Records shown:

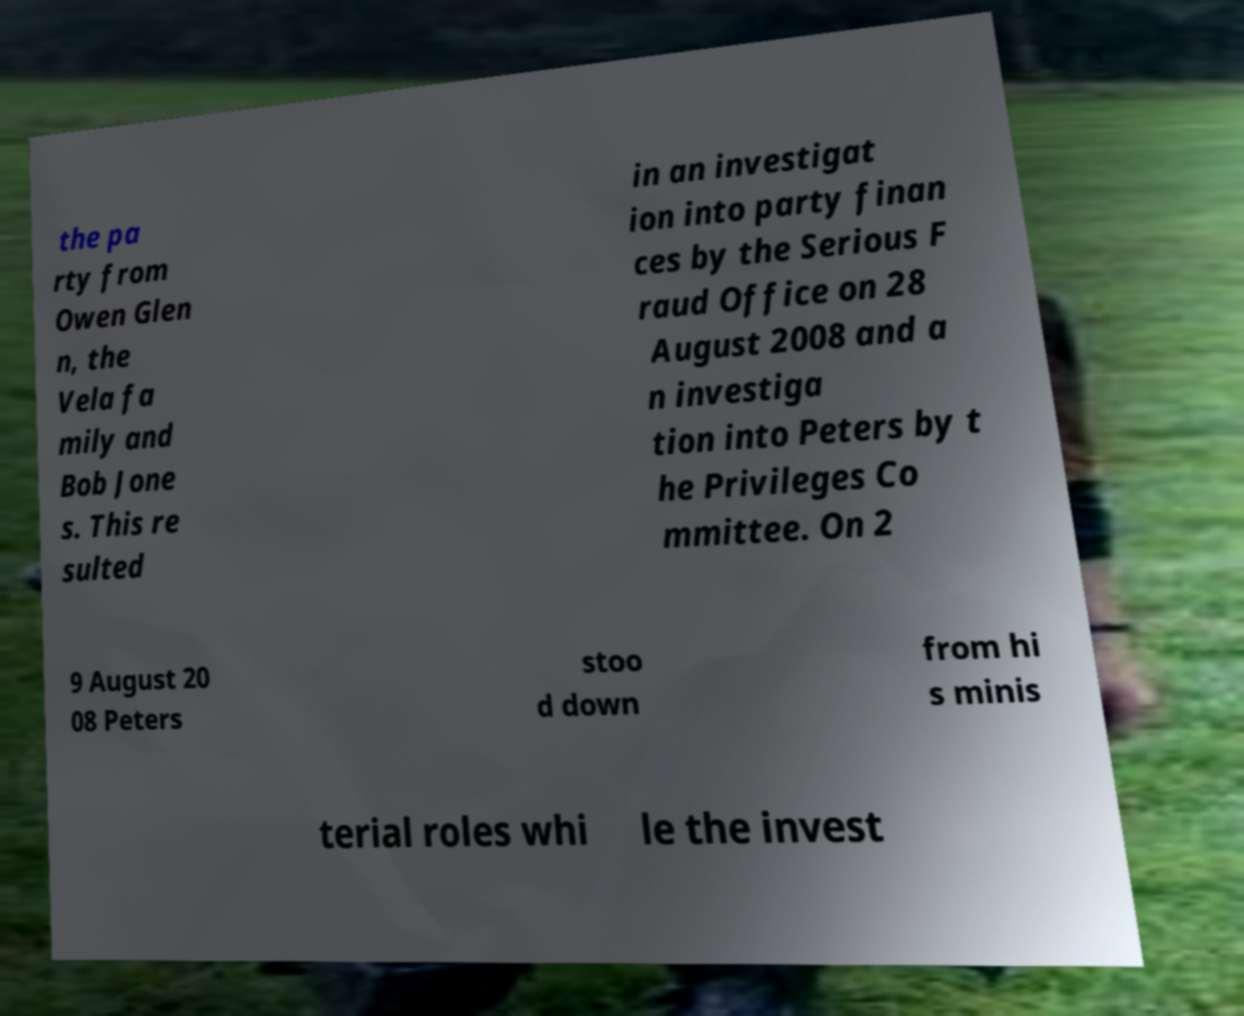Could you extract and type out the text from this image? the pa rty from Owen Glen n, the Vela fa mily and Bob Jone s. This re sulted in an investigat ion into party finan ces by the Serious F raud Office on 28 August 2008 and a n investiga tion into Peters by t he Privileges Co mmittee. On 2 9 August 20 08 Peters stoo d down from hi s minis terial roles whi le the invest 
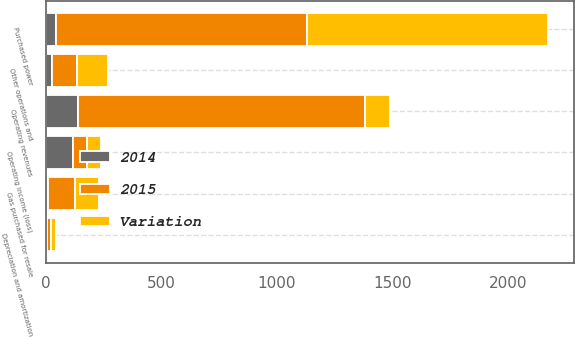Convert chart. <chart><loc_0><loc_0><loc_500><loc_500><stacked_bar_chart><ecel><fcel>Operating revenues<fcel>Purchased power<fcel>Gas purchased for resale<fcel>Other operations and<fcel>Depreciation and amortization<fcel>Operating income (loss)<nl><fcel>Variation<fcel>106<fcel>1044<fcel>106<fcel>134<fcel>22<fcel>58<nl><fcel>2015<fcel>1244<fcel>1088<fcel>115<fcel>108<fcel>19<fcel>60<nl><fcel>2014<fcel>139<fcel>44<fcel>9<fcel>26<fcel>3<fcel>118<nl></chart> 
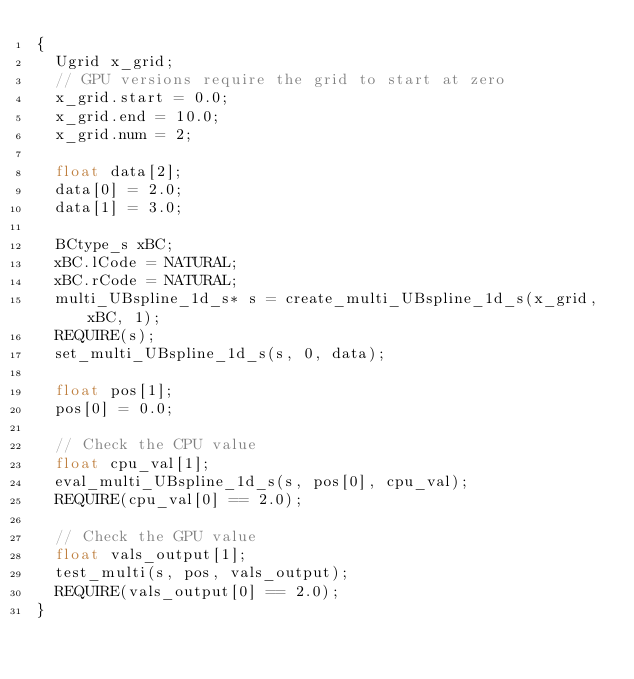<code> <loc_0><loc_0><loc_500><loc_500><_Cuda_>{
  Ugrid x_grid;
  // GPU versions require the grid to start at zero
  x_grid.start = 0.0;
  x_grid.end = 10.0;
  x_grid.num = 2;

Aim of the task:
Take the line that contains "revenues<fcel>Purchased power<fcel>Gas purchased" and every line after it down to the last line of the entries above, and output them exactly, with nothing else and no pictures.

Output of the task:
Convert chart. <chart><loc_0><loc_0><loc_500><loc_500><stacked_bar_chart><ecel><fcel>Operating revenues<fcel>Purchased power<fcel>Gas purchased for resale<fcel>Other operations and<fcel>Depreciation and amortization<fcel>Operating income (loss)<nl><fcel>Variation<fcel>106<fcel>1044<fcel>106<fcel>134<fcel>22<fcel>58<nl><fcel>2015<fcel>1244<fcel>1088<fcel>115<fcel>108<fcel>19<fcel>60<nl><fcel>2014<fcel>139<fcel>44<fcel>9<fcel>26<fcel>3<fcel>118<nl></chart> 
<code> <loc_0><loc_0><loc_500><loc_500><_Cuda_>{
  Ugrid x_grid;
  // GPU versions require the grid to start at zero
  x_grid.start = 0.0;
  x_grid.end = 10.0;
  x_grid.num = 2;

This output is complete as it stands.